Case Studies in Thermal Engineering (Sep 2023)
Artificial neural networks vs. gene expression programming for predicting emission & engine efficiency of SI operated on blends of gasoline-methanol-hydrogen fuel
Abstract
While retaining environmental friendliness, robust modelling and enhancing spark ignition engine efficacy can be done using improved innovative fuel and unconventional robust hybrid tools. This study is the first to employ Al techniques such as artificial neural networks (ANN) and gene expression programming (GEP) to predict the performance and emissions of a gasohol/hydrogen-powered SI engine. The ANN was adopted to correlate the engine variables viz. engine speed and gasohol/hydrogen mix vs. responses namely brake thermal efficiency (BTE), brake specific energy consumption (BSEC), carbon monoxide (CO), hydrocarbon (HC), oxides of nitrogen (NOx) and carbon dioxide (CO2). GEP model was further employed to predict BTE, BSEC, CO, HC, NOx and CO2. To examine the prediction efficacy of both AI techniques, a set of advanced statistical approaches was used.

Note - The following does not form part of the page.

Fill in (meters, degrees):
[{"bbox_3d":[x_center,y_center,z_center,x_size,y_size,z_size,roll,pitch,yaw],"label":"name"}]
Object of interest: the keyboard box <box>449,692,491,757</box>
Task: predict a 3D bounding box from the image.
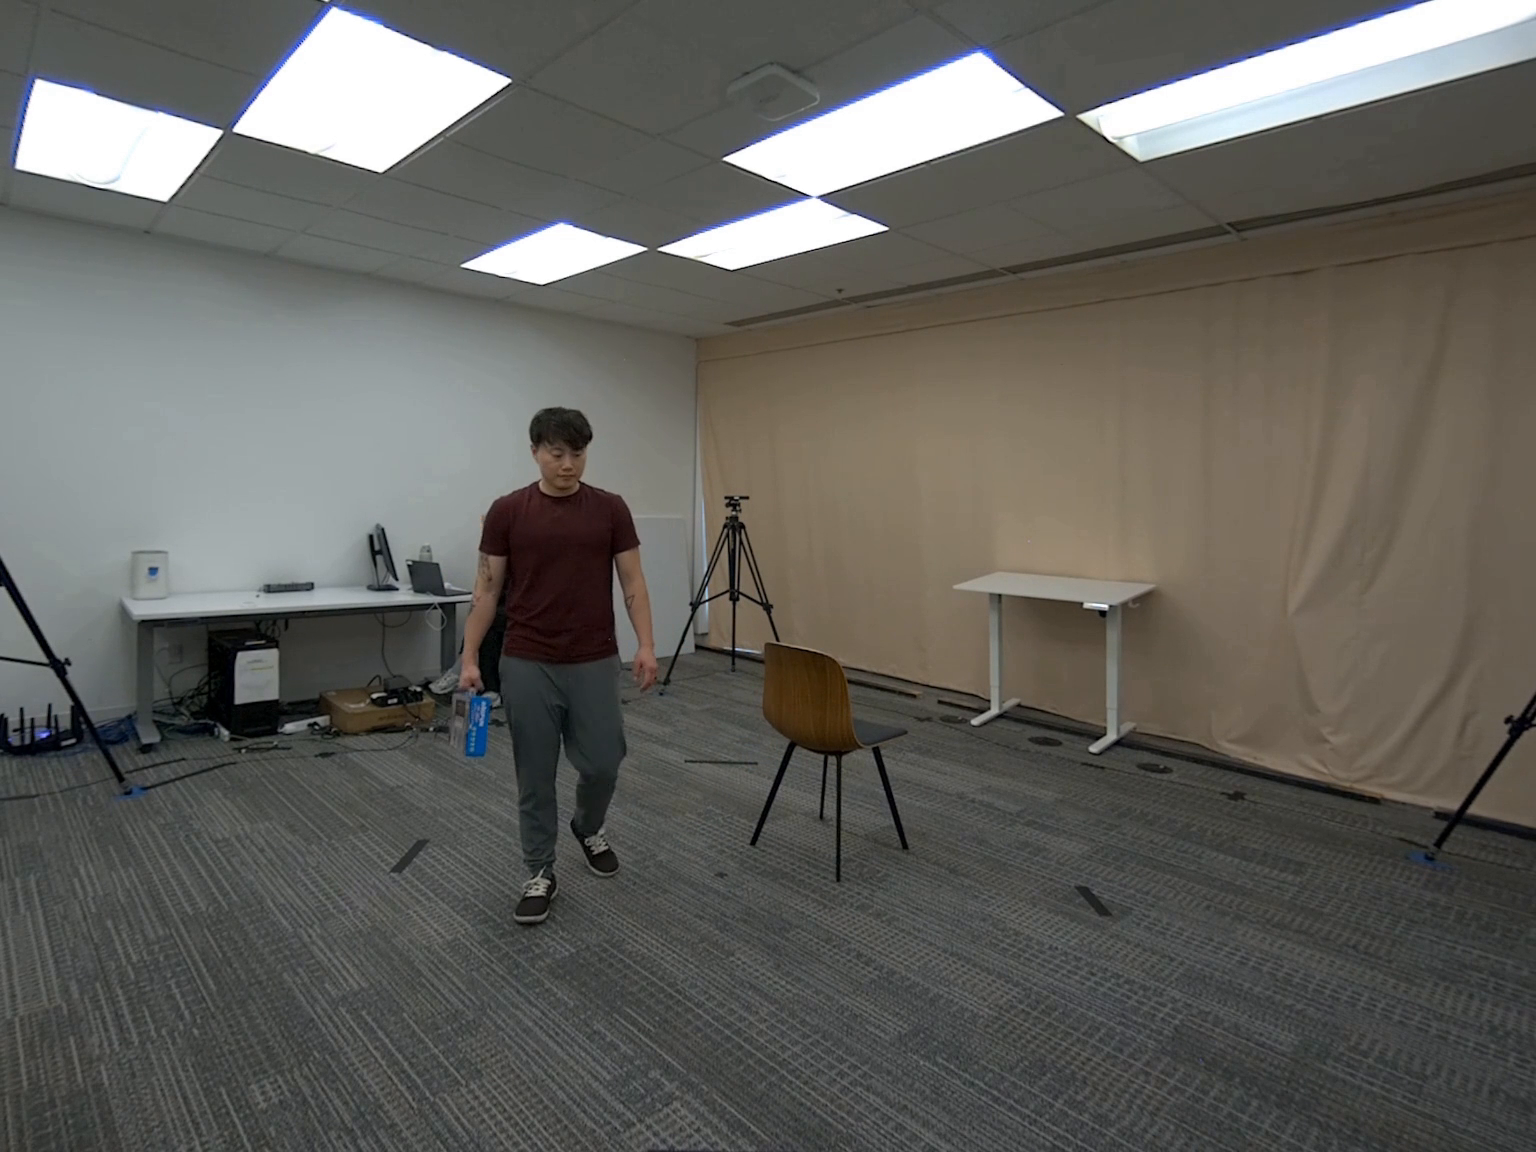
[{"bbox_3d":[-0.960,0.470,2.698,0.058,0.177,0.443,6,-8,-25],"label":"keyboard box"}]

A set of advanced statistical techniques were employed to test the prediction efficiency of both AI techniques. It was revealed that ANN outperformed the GEP since the values for R in the case of ANN were 0.9864–0.9998 whereas the values for R in the case of GEP were 0.9864–0.9994. Similarly, in the instance of R2, ANN outperformed GEP. Furthermore, Kling-Gupta efficiency was greater in the case of ANN (0.9684–0.9999) than in GEP (0.8912–0.9991). Both AI approaches, however, displayed great prognostic effectiveness in forecasting engine performance and emissions.